**WHAT YOU WILL DO**
Using the records below, transcribe word for word the stretch from the line that contains "title: Gezicht op het kanaal van Chantilly" through the line that contains "inscriptions: collector's mark: Lugt 240", both end lines included, and nothing else.
>>
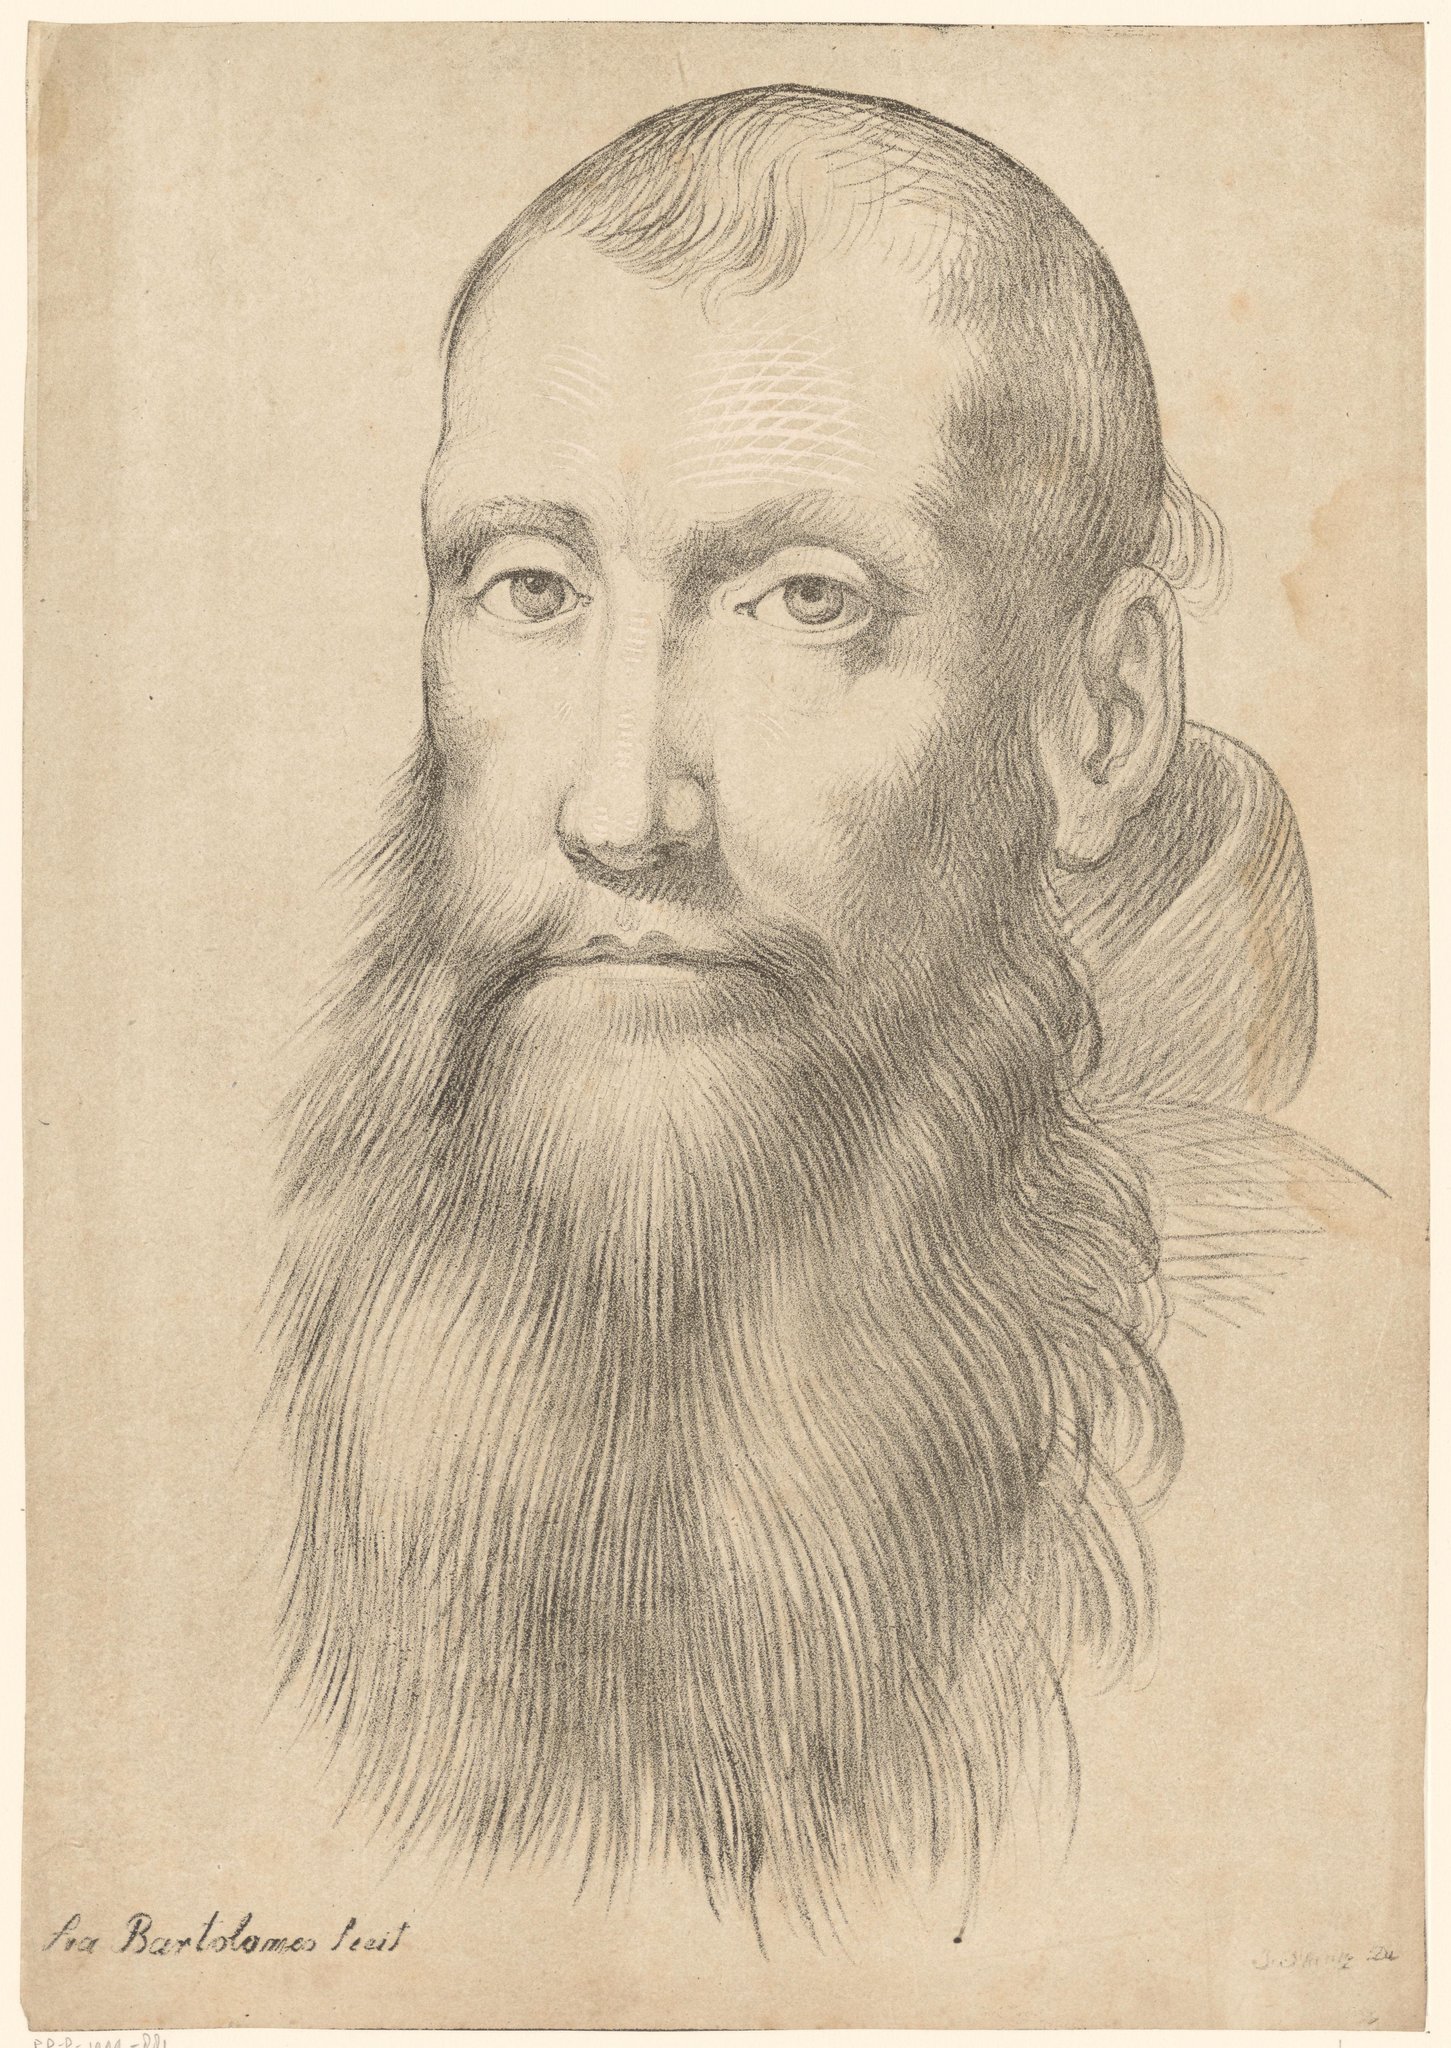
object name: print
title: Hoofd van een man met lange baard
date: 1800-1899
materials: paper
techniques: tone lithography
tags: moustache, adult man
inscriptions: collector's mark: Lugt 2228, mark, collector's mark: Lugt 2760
<<
>>
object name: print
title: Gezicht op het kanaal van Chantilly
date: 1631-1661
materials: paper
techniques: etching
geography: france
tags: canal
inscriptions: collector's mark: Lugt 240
<<
**RESULT OF THIS EXERCISE**
title: Gezicht op het kanaal van Chantilly
date: 1631-1661
materials: paper
techniques: etching
geography: france
tags: canal
inscriptions: collector's mark: Lugt 240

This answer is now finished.